Studio album by Detektivbyrån
- Released: 3 September 2008
- Recorded: January–May 2008 Gothenburg, Sweden
- Genre: Folktronica, Pop
- Length: 39:46
- Label: Danarkia

Detektivbyrån chronology
| E18 Album (2008) | Wermland (2008) | Beyond (unreleased) |

= Wermland (album) =

Wermland is the second album by Detektivbyrån released on the band's own label Danarkia. In contrast to the band's debut/compilation album E18 Album, Wermland features only new content. Prior to the album being available for purchase, the band made the songs "Om Du Möter Varg" and "Neonland" available on their website. During the autumn of 2008 the album reached the third place in the Swedish charts of album sales.

==Track listing==
1. "Om Du Möter Varg" - 3:08
2. "Kärlekens Alla Färjor" - 3:09
3. "Honky Tonk Of Wermland" - 2:15
4. "Rymden I En Låda" - 2:25
5. "Generation Celebration" - 3:01
6. "Life/Universe" - 3:21
7. "Neonland" - 3:10
8. "Hus Vid Havet" - 2:10
9. "Partyland" - 3:28
10. "Camping" - 2:43
11. "Sista Tryckaren" - 2:50
12. "En Annan Typ Av Disco" - 3:00
13. "Dygnet Runt" - 1:04
14. "054" - 4:02

==Critical reception==
As the band was active in Sweden the album was predominantly reviewed by Swedish newspapers and magazines.
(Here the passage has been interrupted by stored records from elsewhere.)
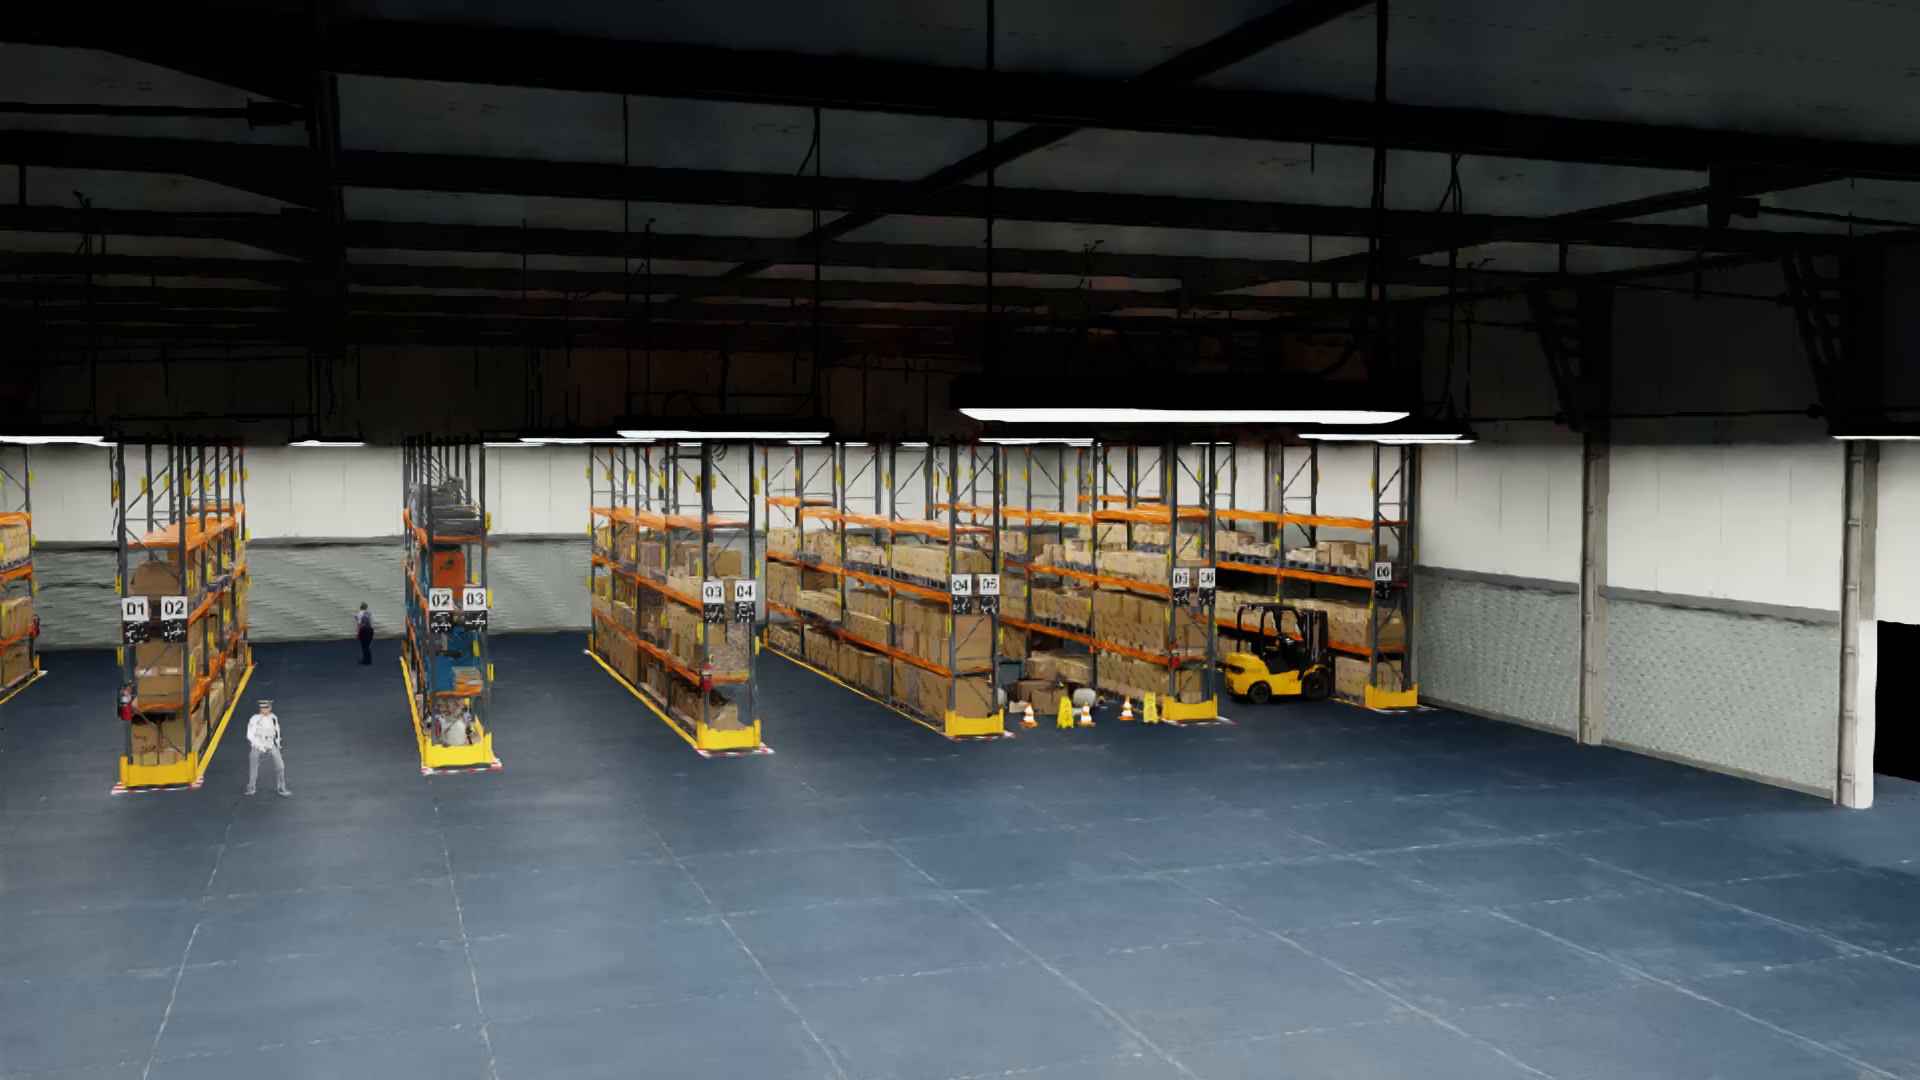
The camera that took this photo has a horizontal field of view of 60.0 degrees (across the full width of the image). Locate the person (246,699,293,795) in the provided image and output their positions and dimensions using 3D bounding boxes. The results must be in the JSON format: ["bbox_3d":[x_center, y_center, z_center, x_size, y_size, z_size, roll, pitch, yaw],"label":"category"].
[{"bbox_3d":[-11.414,3.394,27.307,0.638,1.615,0.774,-3,4,-40],"label":"person"}]

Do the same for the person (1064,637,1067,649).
[{"bbox_3d":[2.737,2.314,46.261,0.551,1.665,0.574,1,3,11],"label":"person"}]

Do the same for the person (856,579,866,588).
[{"bbox_3d":[-3.043,2.014,51.755,0.576,1.655,0.491,2,4,35],"label":"person"}]

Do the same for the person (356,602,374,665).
[{"bbox_3d":[-15.738,2.458,43.888,0.546,1.644,0.592,1,3,12],"label":"person"}]

Olle Sjögren of Norrländska Socialdemokraten begins his review of Wermland
by noting that the album's "shining gold-metallic artwork with measured
typography [...] could have been part of a luxury PR-campaign from
Louis Vuitton." He also notes that "Detektivbyrån separate themselves
from other folktronica artists by allowing the folk music to play a big part".
Olle concludes the review by writing "Detektivbyrån's Wermland is so far the
prettiest approach to integrating Swedish folk music with modern electronic
elements, without coming close to the awful Nordman and
Sarek."

The review in Norran by Per Strömbro beings with "An improbable debut,
improbably good that is." About the genre he writes "they offer intrinsically
Swedish instrumental music with particularly contagious accordion and synth
melodies." Per concludes his text with "One of this year's big
debuts."

Nancy Baym of Scandinavian music journal "It's a trap" provides one of few
English language reviews where she notes that "the sheer fun of their sound has
won them and an enthusiastic following. 'Wermland' [...] is fun." She also
writes "it demonstrates impeccable melodic pop sensibility." And closes with
"This serious contender for album of the year will sounds just as good decades
from now."

In the Swedish music magazine Groove, Per Lundberg GB wrote "With Wermland
Detektivbyrån continues to embrace the melancholy. [...] While on their way
they meet up with Cougar and Aphex Twin. Wermland is
cabaret, pop and folk music in one package."

Some reviews were not entirely positive. Helsingborgs Dagblad referred to
the album as "pre-school pop" that "too often veer into accordion-circus-music
on drugs". Still the review stressed that "the joy of the music is contagious"
and that the best part of the album is its "melancholic, french sound". The
review summarized the album as "a 40 minute long lullaby for three year olds".

==Personnel==
- Jon Nils Emanuel Ekström
- Anders Flanders
- Martin Molin
played drums, accordion, vibraphone, case, drawing pin piano, glockenspiel, clicker, mellotron, music box, pen, scissors, shoes, synthesizer, tele cables, traktofon. Additionally the band composed, produced, mixed, mastered and recorded the album.